There are certain subjects that many Muslims cannot discuss casually — or frankly — anywhere in the world among themselves. These include apostasy laws and their implementation, blasphemy prosecutions or anything related to women’s empowerment with a focus on their autonomy.

Bring these topics up in drawing rooms in Lahore or Los Angeles, and you are likely to encounter a kind of strategic silence. There are long pauses, careful language, deflective smiles and layers of sugar-coating. Most of us do not feel comfortable sharing our thoughts, out of fear of being judged and, in some instances, being accused of heresy.

In other instances, there is outright rejection of the very premise of questions about individual freedom and dignity, and it is termed nefarious or veiled Western modernity.

I have had many such interesting conversations with Muslims from diverse backgrounds from across the world. With a few exceptions, the standard response has become predictable: “Come on, what the Taliban in Afghanistan are doing is not Islam”, or “This is not the right way to implement God’s law”, or “This is coercion, and has no place in the real Islamic state.”

A timely collection of essays by prominent Islamic scholars argues that arguments for religious freedom and against coercion exist within Islamic intellectual tradition itself

The striking thing to note is that, in the same breath, while coercion is acknowledged as unacceptable in principle, so too is the “expression or exercise of will.” In other words, although freedom is theoretically and conditionally recognised, in practice, it is often deemed offensive to what many perceive as the core of “true Islam.”

These deflective smiles, long pauses or outright rejection of questions about freedom reveal a deeper anxiety prevailing among Muslims globally. It is a reflection of the widely held assumption that many Muslims hold true even today, that Islam and freedom are inherently two separate, incompatible entities and cannot be reconciled.

As a result, most Muslims have become quite apologetic, unnecessarily defensive and quite uncertain of their ground when the discussion turns to human dignity, freedom, choice and Islam in the same breath. As a Muslim and as a student of Islam and politics in Muslim-majority countries, I find this deeply problematic and challenging.

You cannot beat, jail or threaten someone into genuine faith. This principle extends across all religious domains, ranging from daily prayers to fasting to dressing modestly to theological belief itself.

A new book, No Compulsion in Religion — No Exceptions, edited by Mustafa Akyol, a senior fellow at the Washington DC-based Cato Institute, and with contributions by prominent Islamic scholars from across the Muslim world, including Abdullah Saeed, Husnul Amin, Asma Afsaruddin and Abdullahi Ahmed An-Na’im, directly confronts these uncomfortable silences and troubling questions.

The book’s central argument is as simple as it is powerful: the Quranic verse: “There is no compulsion in religion” (2:256) should be understood, interpreted and applied comprehensively — with no exceptions — to all people, irrespective of their religious affiliation and geography.
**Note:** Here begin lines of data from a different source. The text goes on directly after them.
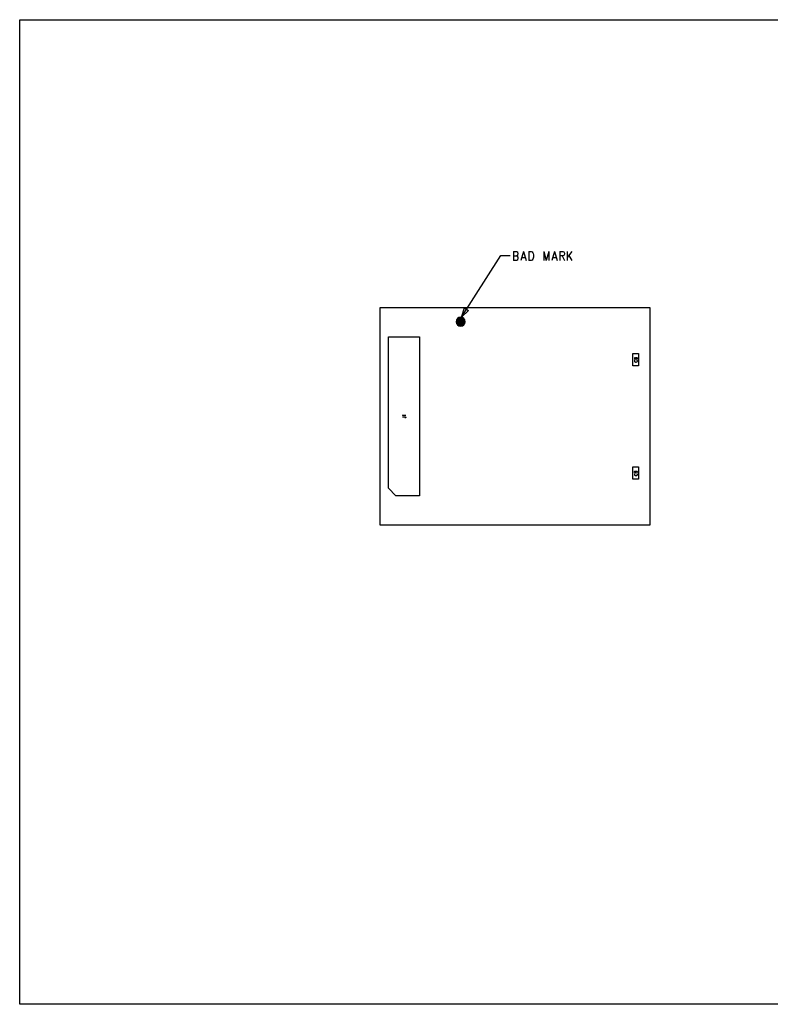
# Model space of a CAD drawing. Extents: x 12 to 27.9, y 10.8 to 21.2.
# Tile 1 of 9: x 12 to 20, y 10.8 to 21.2. Entities that reach past the tile are written whole.
import ezdxf

# ---------------------------------------------------------------- set-up
doc = ezdxf.new("R2010")
doc.units = 0
doc.header["$MEASUREMENT"] = 0
doc.layers.add('LAYNR1', color=2, linetype='Continuous')

msp = doc.modelspace()

# ---------------------------------------------------------------- linework, layer by layer
at = {"layer": 'LAYNR1', "color": 7}
for points in [[(27.945, 10.798), (12.038, 10.798), (12.038, 21.201), (27.945, 21.201), (27.945, 10.798)], [(15.85, 18.16), (18.7, 18.16), (18.7, 15.86), (15.85, 15.86), (15.85, 18.16)], [(16.709, 18.059), (16.742, 18.157), (16.784, 18.13), (16.709, 18.059)], [(16.015, 16.172), (15.937, 16.25), (15.937, 17.849), (16.264, 17.849), (16.264, 16.172), (16.015, 16.172)], [(18.58, 17.675), (18.58, 17.545), (18.52, 17.545), (18.52, 17.675), (18.58, 17.675)], [(18.537, 17.62), (18.538, 17.617), (18.542, 17.615), (18.545, 17.615), (18.548, 17.617), (18.549, 17.619), (18.551, 17.624), (18.552, 17.628), (18.556, 17.63), (18.559, 17.632), (18.563, 17.632), (18.567, 17.63), (18.568, 17.629), (18.57, 17.625), (18.57, 17.62), (18.568, 17.617), (18.567, 17.615), (18.563, 17.614), (18.559, 17.614), (18.556, 17.615), (18.552, 17.618), (18.551, 17.622), (18.549, 17.627), (18.548, 17.629), (18.545, 17.63), (18.542, 17.63), (18.538, 17.629), (18.537, 17.625), (18.537, 17.62)], [(18.52, 16.345), (18.52, 16.475), (18.58, 16.475), (18.58, 16.345), (18.52, 16.345)]]:
    msp.add_lwpolyline(points, close=True, dxfattribs=at)
for points in [[(17.259, 18.751), (17.259, 18.658)], [(17.259, 18.751), (17.289, 18.751), (17.3, 18.747), (17.303, 18.742), (17.306, 18.734), (17.306, 18.725), (17.303, 18.716), (17.3, 18.711), (17.289, 18.707)], [(17.364, 18.751), (17.337, 18.658)], [(17.364, 18.751), (17.392, 18.658)], [(17.422, 18.751), (17.422, 18.658)], [(17.422, 18.751), (17.446, 18.751), (17.456, 18.747), (17.463, 18.738), (17.467, 18.729), (17.47, 18.716), (17.47, 18.693), (17.467, 18.68), (17.463, 18.671), (17.456, 18.662), (17.446, 18.658), (17.422, 18.658)], [(17.579, 18.751), (17.579, 18.658)], [(17.579, 18.751), (17.606, 18.658)], [(17.634, 18.751), (17.606, 18.658)], [(17.634, 18.751), (17.634, 18.658)], [(17.692, 18.751), (17.664, 18.658)], [(17.692, 18.751), (17.719, 18.658)], [(17.75, 18.751), (17.75, 18.658)], [(17.75, 18.751), (17.78, 18.751), (17.79, 18.747), (17.794, 18.742), (17.797, 18.734), (17.797, 18.725), (17.794, 18.716), (17.79, 18.711), (17.78, 18.707), (17.75, 18.707)], [(17.828, 18.751), (17.828, 18.658)], [(17.876, 18.751), (17.828, 18.689)], [(16.709, 18.059), (17.125, 18.71)], [(17.125, 18.71), (17.225, 18.71)], [(17.259, 18.707), (17.289, 18.707), (17.3, 18.702), (17.303, 18.698), (17.306, 18.689), (17.306, 18.675), (17.303, 18.666), (17.3, 18.662), (17.289, 18.658), (17.259, 18.658)], [(17.347, 18.689), (17.381, 18.689)], [(17.675, 18.689), (17.709, 18.689)], [(17.773, 18.707), (17.797, 18.658)], [(17.845, 18.711), (17.876, 18.658)], [(16.652, 18.012), (16.748, 18.012)], [(16.652, 18.008), (16.748, 18.008)], [(16.653, 18.017), (16.747, 18.017)], [(16.653, 18.003), (16.747, 18.003)], [(16.654, 18.021), (16.747, 18.021)], [(16.654, 17.999), (16.746, 17.999)], [(16.655, 18.026), (16.745, 18.026)], [(16.657, 18.03), (16.744, 18.03)], [(16.659, 18.035), (16.741, 18.035)], [(16.662, 18.039), (16.738, 18.039)], [(16.666, 18.044), (16.734, 18.044)], [(16.671, 18.048), (16.729, 18.048)], [(16.678, 18.053), (16.722, 18.053)], [(16.69, 18.057), (16.71, 18.057)], [(16.655, 17.994), (16.745, 17.994)], [(16.657, 17.99), (16.743, 17.99)], [(16.66, 17.985), (16.741, 17.985)], [(16.663, 17.981), (16.737, 17.981)], [(16.667, 17.976), (16.733, 17.976)], [(16.672, 17.972), (16.728, 17.972)], [(16.68, 17.967), (16.72, 17.967)], [(18.545, 17.603), (18.542, 17.602), (18.538, 17.599), (18.537, 17.597), (18.537, 17.592), (18.538, 17.589), (18.542, 17.587), (18.545, 17.585), (18.549, 17.584), (18.557, 17.584), (18.562, 17.585), (18.565, 17.587), (18.568, 17.589), (18.57, 17.592), (18.57, 17.597), (18.568, 17.599), (18.565, 17.602), (18.562, 17.603)], [(16.093, 17.017), (16.092, 17.019), (16.087, 17.023), (16.12, 17.023)], [(16.087, 17.005), (16.112, 17.005), (16.117, 17.004), (16.118, 17.003), (16.12, 17), (16.12, 16.998), (16.118, 16.995), (16.117, 16.994), (16.112, 16.993), (16.109, 16.993)], [(18.548, 16.431), (18.552, 16.43), (18.556, 16.427), (18.557, 16.423), (18.557, 16.422), (18.556, 16.418), (18.552, 16.416), (18.548, 16.415), (18.546, 16.415), (18.542, 16.416), (18.538, 16.418), (18.537, 16.422), (18.537, 16.423), (18.538, 16.427), (18.542, 16.43), (18.548, 16.431), (18.556, 16.431), (18.563, 16.43), (18.568, 16.427), (18.57, 16.423), (18.57, 16.421), (18.568, 16.417), (18.565, 16.416)], [(18.545, 16.403), (18.542, 16.402), (18.538, 16.4), (18.537, 16.397), (18.537, 16.392), (18.538, 16.39), (18.542, 16.387), (18.545, 16.386), (18.549, 16.385), (18.557, 16.385), (18.562, 16.386), (18.565, 16.387), (18.568, 16.39), (18.57, 16.392), (18.57, 16.397), (18.568, 16.4), (18.565, 16.402), (18.562, 16.403)]]:
    msp.add_lwpolyline(points, dxfattribs=at)
msp.add_lwpolyline([(16.748, 18.01, 1), (16.652, 18.01, 1), (16.748, 18.01, 1), (16.652, 18.01, 1), (16.748, 18.01)], format="xyb", close=True, dxfattribs=at)

doc.saveas('drawing.dxf')

The authors argue that this verse must be used not just to protect non-Muslims from forced conversion, as is common in most conservative interpretations. Instead, it should be used to challenge — and ultimately dismantle — all forms of religious coercion within Muslim societies.

In other words, the book brings the universality of non-coercion — the freedom to choose — to Islam in general and to this verse in particular, and this is precisely what makes it both bold and provocative for many Muslim readers.

At the heart of Islamic theology and politics lie several fundamental questions. To whom is the individual answerable to in matters of religion? To other individuals claiming religious authority? To the state acting in religion’s name? Or directly to God alone? No Compulsion in Religion directly tackles these questions and offers clear, persuasive answers grounded in Islamic tradition.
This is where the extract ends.